• Task requirements
Only the lines holding "area" are wanted. Copy every one from the records below.

• Records for this task
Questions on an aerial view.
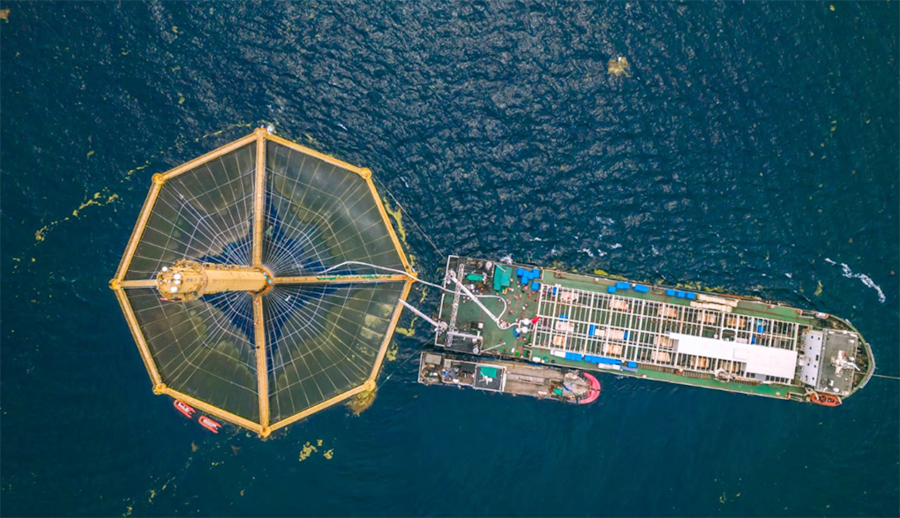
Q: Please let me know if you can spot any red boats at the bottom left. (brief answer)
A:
Yes
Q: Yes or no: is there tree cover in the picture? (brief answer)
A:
No
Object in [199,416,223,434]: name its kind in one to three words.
boat
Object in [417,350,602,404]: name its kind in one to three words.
boat
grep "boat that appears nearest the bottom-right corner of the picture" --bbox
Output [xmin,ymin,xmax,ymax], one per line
[809,393,843,407]
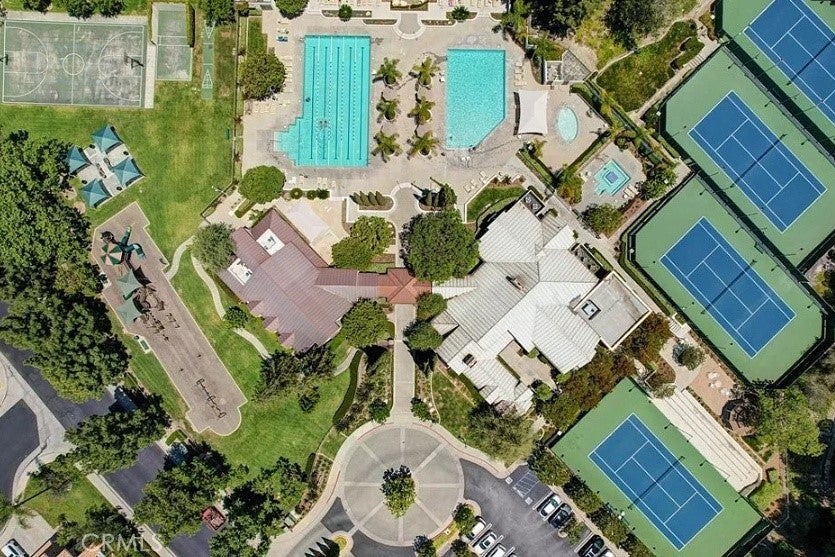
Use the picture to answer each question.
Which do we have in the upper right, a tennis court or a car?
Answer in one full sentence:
You can see a tennis court in the upper right.
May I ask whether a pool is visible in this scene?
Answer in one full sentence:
Yes, there's a pool here.
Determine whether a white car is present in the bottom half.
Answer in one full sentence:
Yes, looking in the bottom half, one can make out a white car.
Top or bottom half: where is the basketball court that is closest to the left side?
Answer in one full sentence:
The basketball court that is closest to the left side sits in the top half of the picture.
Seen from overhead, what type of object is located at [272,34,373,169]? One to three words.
swimming pool
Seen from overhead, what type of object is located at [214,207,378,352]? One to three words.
building
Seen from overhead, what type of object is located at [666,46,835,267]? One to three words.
tennis court
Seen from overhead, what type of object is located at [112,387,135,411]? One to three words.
car
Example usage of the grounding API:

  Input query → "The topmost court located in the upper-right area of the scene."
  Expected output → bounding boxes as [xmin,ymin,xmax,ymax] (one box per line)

[722,0,835,143]
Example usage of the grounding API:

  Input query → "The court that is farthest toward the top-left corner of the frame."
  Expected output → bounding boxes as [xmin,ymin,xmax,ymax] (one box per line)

[0,20,147,108]
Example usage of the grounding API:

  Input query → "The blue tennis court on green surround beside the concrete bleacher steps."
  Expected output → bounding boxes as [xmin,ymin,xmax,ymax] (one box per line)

[552,379,762,557]
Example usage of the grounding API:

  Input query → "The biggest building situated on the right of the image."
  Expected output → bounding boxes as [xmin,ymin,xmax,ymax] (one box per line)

[431,190,652,412]
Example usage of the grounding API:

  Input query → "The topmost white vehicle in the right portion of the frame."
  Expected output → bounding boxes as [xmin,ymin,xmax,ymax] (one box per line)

[538,494,563,518]
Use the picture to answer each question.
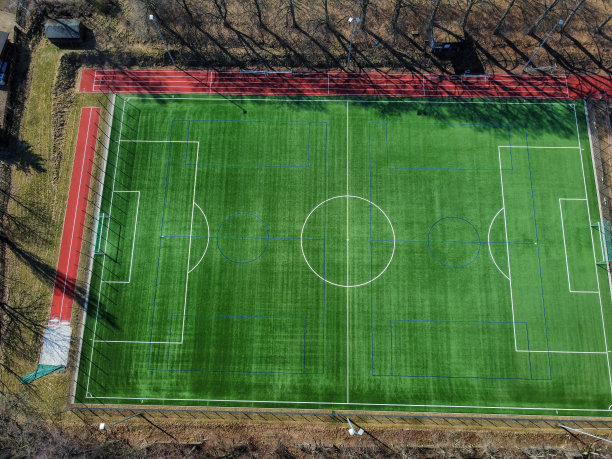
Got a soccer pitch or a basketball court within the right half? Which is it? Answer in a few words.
soccer pitch
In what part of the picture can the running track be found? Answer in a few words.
top
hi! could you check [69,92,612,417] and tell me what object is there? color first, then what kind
green soccer field
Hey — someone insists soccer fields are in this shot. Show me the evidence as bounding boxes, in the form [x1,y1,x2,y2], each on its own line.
[69,92,612,417]
[148,120,327,374]
[369,123,551,380]
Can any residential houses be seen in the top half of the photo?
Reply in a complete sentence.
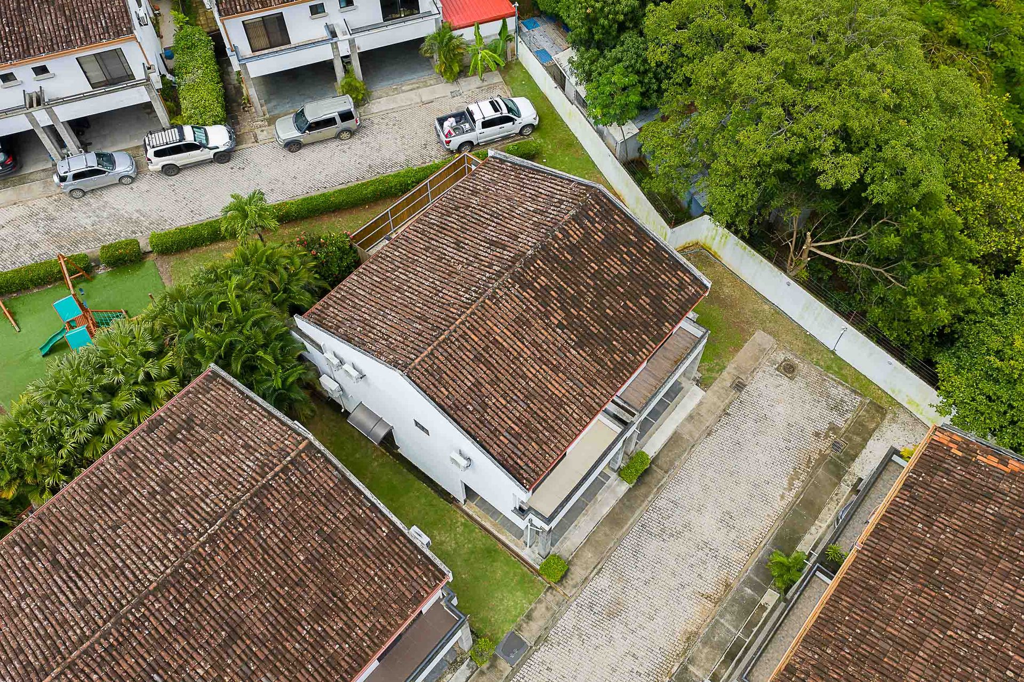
Yes, the scene does show a residential house in the top half of the photo.
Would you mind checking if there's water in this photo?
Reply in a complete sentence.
No, the picture contains no water.
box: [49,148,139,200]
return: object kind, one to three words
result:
car
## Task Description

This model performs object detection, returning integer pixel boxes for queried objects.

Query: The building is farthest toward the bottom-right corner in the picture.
[730,424,1024,682]
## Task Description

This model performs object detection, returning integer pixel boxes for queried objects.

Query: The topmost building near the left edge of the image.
[0,0,171,175]
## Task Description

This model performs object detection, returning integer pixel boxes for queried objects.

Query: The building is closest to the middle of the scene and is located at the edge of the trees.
[297,156,714,561]
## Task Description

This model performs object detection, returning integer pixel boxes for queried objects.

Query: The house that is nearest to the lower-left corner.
[0,366,473,682]
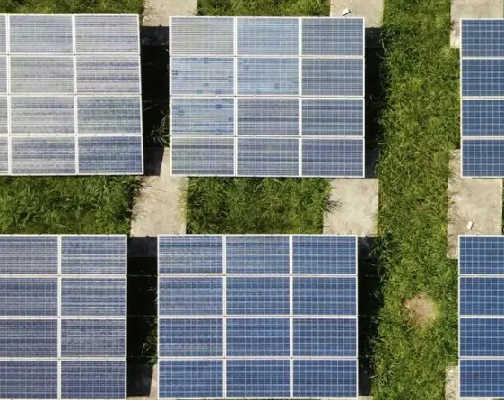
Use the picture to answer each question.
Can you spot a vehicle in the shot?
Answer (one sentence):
No, this view has no vehicle in it.
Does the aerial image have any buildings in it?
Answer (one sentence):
No, no building can be seen from above.
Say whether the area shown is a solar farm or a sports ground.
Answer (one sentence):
This looks like a solar farm.
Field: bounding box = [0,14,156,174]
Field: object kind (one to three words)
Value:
solar array
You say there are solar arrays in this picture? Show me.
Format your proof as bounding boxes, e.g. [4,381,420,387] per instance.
[158,236,364,399]
[459,236,504,400]
[170,17,371,176]
[461,20,504,178]
[0,14,156,174]
[0,236,142,400]
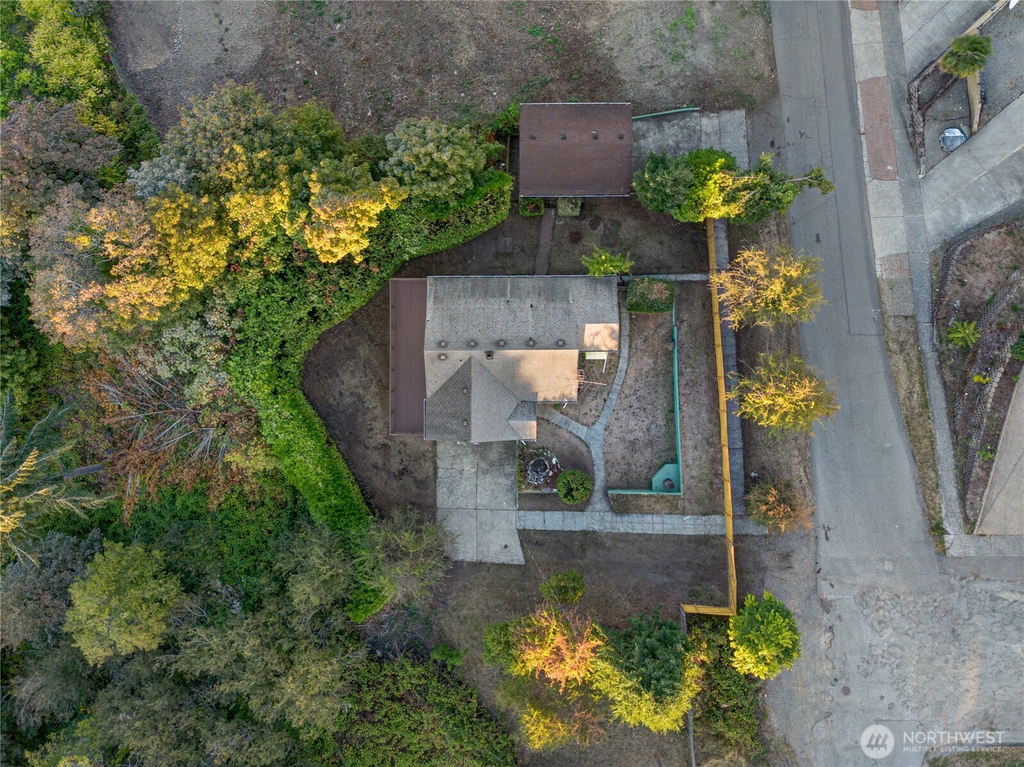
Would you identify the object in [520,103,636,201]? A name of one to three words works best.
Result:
building
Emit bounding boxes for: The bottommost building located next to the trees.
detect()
[422,274,620,443]
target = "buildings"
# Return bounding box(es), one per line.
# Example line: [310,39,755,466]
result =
[520,103,636,201]
[422,274,620,443]
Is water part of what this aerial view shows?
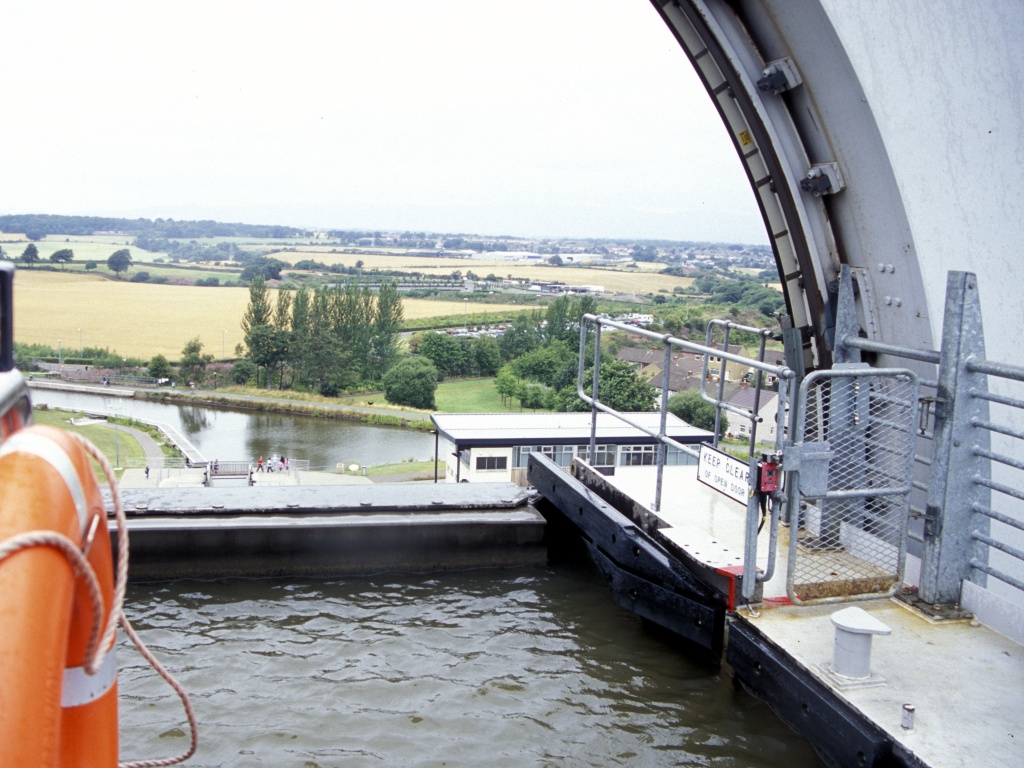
Yes
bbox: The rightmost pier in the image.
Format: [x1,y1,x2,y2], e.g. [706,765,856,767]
[151,419,210,465]
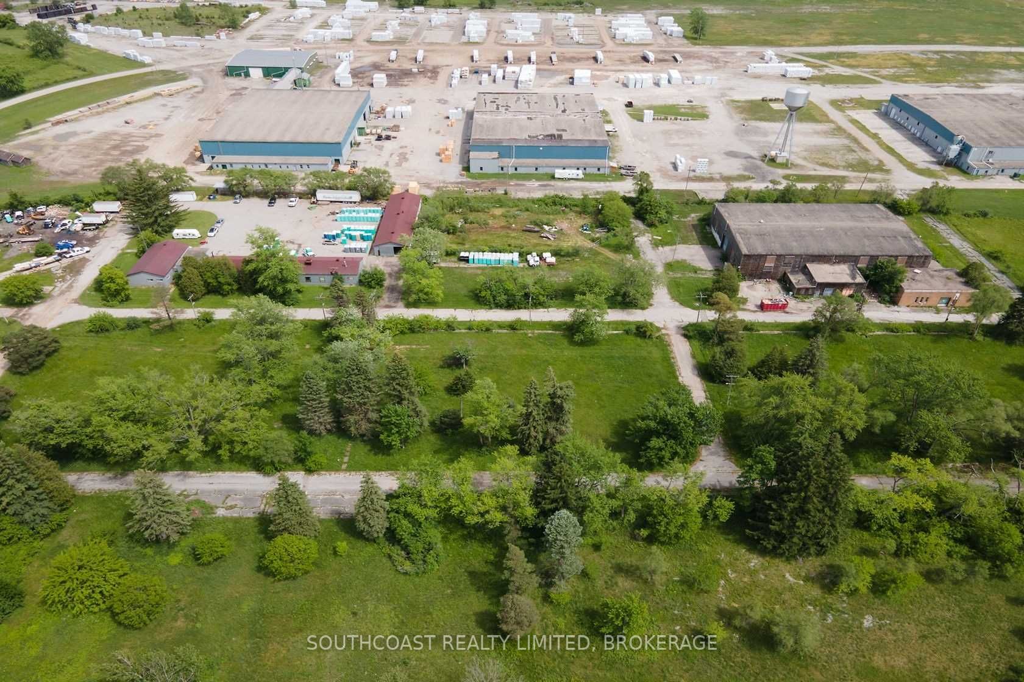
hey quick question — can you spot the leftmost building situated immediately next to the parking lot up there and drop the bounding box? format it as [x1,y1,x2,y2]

• Written answer
  Input query → "The topmost court located in the upper-right area of the scene."
Say whether the area shown is a solar farm or a sports ground.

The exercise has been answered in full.